The Souls of Our Feet 2008

Tapestry's new program of classic tap routines continues to reveal the form's vitality and the troupe's growing skill

Photo courtesy of Farid Zarrinabadi and Tapestry
Photo courtesy of Farid Zarrinabadi and Tapestry

The Souls of Our Feet 2008

Helm Fine Arts Center, St. Stephen's Episcopal School, March 9

"Always leave 'em wanting more," goes the old showbiz adage, and you could have accused Tapestry Dance Company Artistic Director Acia Gray of violating this sacred precept with her revised edition of The Souls of Our Feet: The program boasted eight new re-creations of classic rhythm-tap routines from the vaudeville stage and silver screen, adding up to four more numbers than the honored original had. But the show itself proved no less rousing than before. Even with the expanded bill, when the exhausted Tapestry company took its bows, the audience was on its feet, cheering and clamoring for more.

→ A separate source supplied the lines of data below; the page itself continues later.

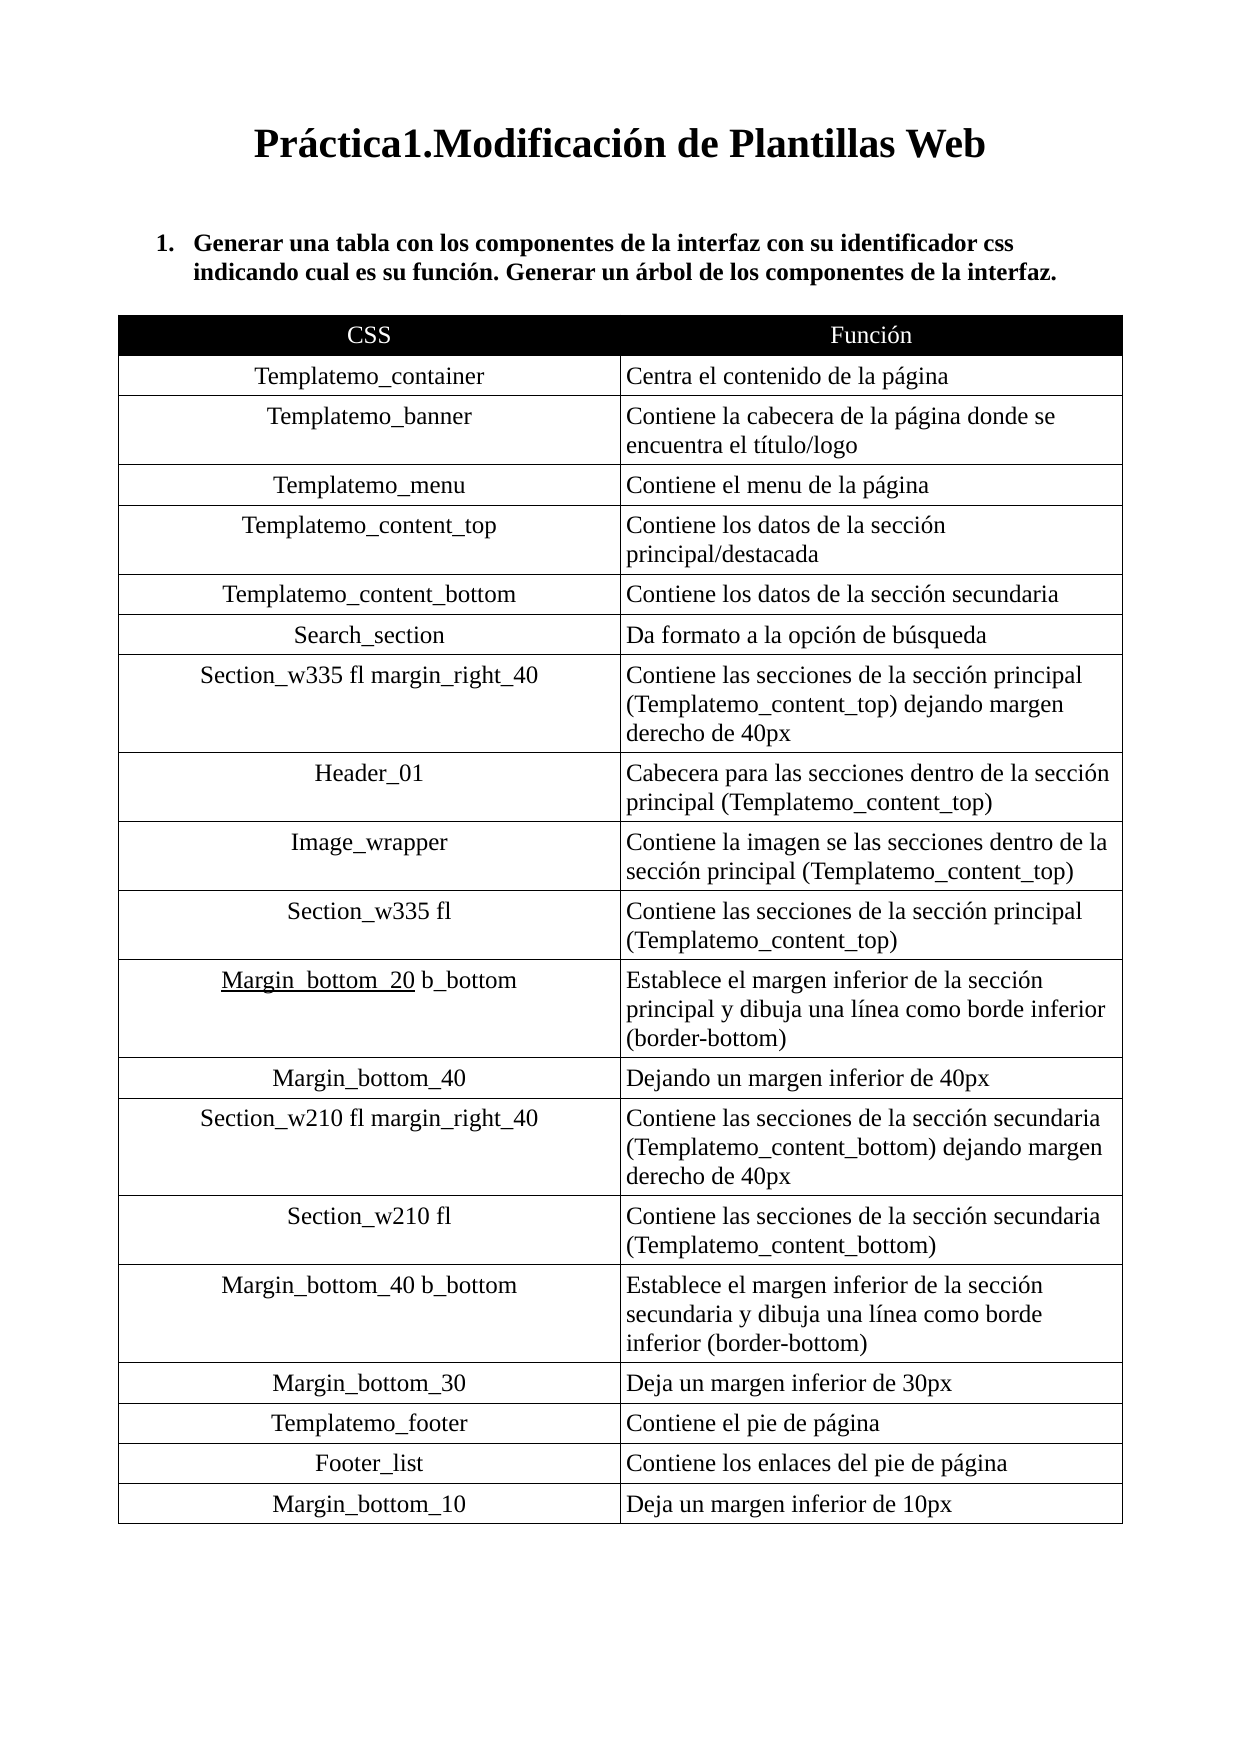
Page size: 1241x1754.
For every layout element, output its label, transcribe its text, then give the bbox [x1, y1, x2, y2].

table_cell Templatemo_footer [119, 1404, 620, 1443]
table_cell Header_01 [119, 753, 620, 821]
table_cell Margin_bottom_40 [119, 1058, 620, 1097]
table_cell Margin_bottom_20 b_bottom [119, 960, 620, 1057]
table_cell Templatemo_container [119, 356, 620, 395]
table_cell Margin_bottom_10 [119, 1484, 620, 1523]
table_cell Contiene las secciones de la sección secundaria (Templatemo_content_bottom) dejando margen derecho de 40px [621, 1099, 1122, 1195]
table_cell Contiene las secciones de la sección principal (Templatemo_content_top) dejando margen derecho de 40px [621, 655, 1122, 752]
table_cell Contiene el menu de la página [621, 465, 1122, 504]
text Práctica1.Modificación de Plantillas Web [118, 118, 1122, 166]
table_cell Margin_bottom_30 [119, 1363, 620, 1402]
table_cell Contiene la cabecera de la página donde se encuentra el título/logo [621, 396, 1122, 464]
table_cell Templatemo_banner [119, 396, 620, 464]
table_cell Templatemo_menu [119, 465, 620, 504]
table_cell Templatemo_content_bottom [119, 575, 620, 614]
table_cell Footer_list [119, 1444, 620, 1483]
table_cell Contiene las secciones de la sección principal (Templatemo_content_top) [621, 891, 1122, 959]
table_cell Establece el margen inferior de la sección secundaria y dibuja una línea como borde inferior (border-bottom) [621, 1265, 1122, 1362]
table_cell Da formato a la opción de búsqueda [621, 615, 1122, 654]
table_cell Contiene la imagen se las secciones dentro de la sección principal (Templatemo_content_top) [621, 822, 1122, 890]
table_header CSS [119, 316, 620, 355]
table_cell Deja un margen inferior de 10px [621, 1484, 1122, 1523]
table_cell Search_section [119, 615, 620, 654]
table_cell Establece el margen inferior de la sección principal y dibuja una línea como borde inferior (border-bottom) [621, 960, 1122, 1057]
table_cell Cabecera para las secciones dentro de la sección principal (Templatemo_content_top) [621, 753, 1122, 821]
table_cell Section_w210 fl margin_right_40 [119, 1099, 620, 1195]
table_cell Image_wrapper [119, 822, 620, 890]
list Generar una tabla con los componentes de la interfaz con su identificador css indicando cual es su función. Generar un árbol de los componentes de la interfaz. [156, 228, 1122, 286]
table_cell Section_w210 fl [119, 1196, 620, 1264]
table_cell Deja un margen inferior de 30px [621, 1363, 1122, 1402]
table_cell Dejando un margen inferior de 40px [621, 1058, 1122, 1097]
table_cell Margin_bottom_40 b_bottom [119, 1265, 620, 1362]
table_cell Centra el contenido de la página [621, 356, 1122, 395]
table_cell Contiene los datos de la sección secundaria [621, 575, 1122, 614]
table_cell Contiene las secciones de la sección secundaria (Templatemo_content_bottom) [621, 1196, 1122, 1264]
table_cell Contiene los datos de la sección principal/destacada [621, 506, 1122, 574]
table_cell Contiene los enlaces del pie de página [621, 1444, 1122, 1483]
table_header Función [621, 316, 1122, 355]
table_cell Templatemo_content_top [119, 506, 620, 574]
table_cell Contiene el pie de página [621, 1404, 1122, 1443]
table_cell Section_w335 fl margin_right_40 [119, 655, 620, 752]
table_cell Section_w335 fl [119, 891, 620, 959]

Sixteen months after its premiere, The Souls of Our Feet continues not only to astonish but to reveal itself as both a testament to the vitality of tap as an American dance form and the catalyst that has propelled Tapestry to new levels of skill and artistry. Getting to experience in one sitting the contributions – make that inventions – of dancers from vaudeville legends Ford Lee "Buck" Washington, Bill "Bojangles" Robinson, and the Nicholas Brothers to Hollywood hoofers Fred Astaire, Eleanor Powell, and Gene Kelly and on to contemporary practitioners Sarah Petronio, Dianne Walker, and our own Acia Gray is to get a sense of rhythm tap's rich tradition and deep place in the culture, as well as its range of expression. We may be quick to associate the form with the rapid-fire tattoo of the flashiest dancers – which can be stupefyingly grand, as in the Condos Brothers' "Somethin' Like This?" an explosive blast of sweet anarchic fury re-created with breathless verve by Jason Janas and Matt Shields – but it isn't always about how many clicks you can cram into a second. It can be leisurely finesse, as shown by Brenna Kuhn and Jaqueline Coleman in their breezy, blissful re-creation of "Honi" Coles and Cholly Atkins' "Takin' a Chance on Love" or Dianne Walker in her "In Tribute to the Masters," an improvisation with respect and affection for her honored predecessors in every gentle, light-footed step. It can be about making music from the everyday, as in Robinson's "Swanee," wherein Tasha Lawson, Katelyn Harris, and Janas turned the simple act of walking into a percussive symphony. Gray's smart, artful choices let us see tap's breadth, and the Tapestry dancers got us feeling it by investing in these historic routines all the passion and pizzazz, spark, and showmanship of their creators.

Which says a great deal about how much the members of the company have risen to the formidable challenge of this show. They have always been fine dancers, but to move like Bill Robinson, Jeni LeGon, Eleanor Powell, Gene Kelly, or Ann Miller is demanding on a completely different level, and they've managed it to a degree that is at times startling. In the new number "Pick Yourself Up," Coleman and Shields assumed the personas of Ginger Rogers and Fred Astaire, and while neither dancer bears a strong physical resemblance to either star, their moves so closely tracked the originals – the way Rogers' left arm is extended just so when they dance close, the way Astaire crooks one leg just as he's executing a turn – that the young dancers appeared possessed by the Tinseltown duo. You could almost see their ghostly images superimposed on the pair dancing in the flesh.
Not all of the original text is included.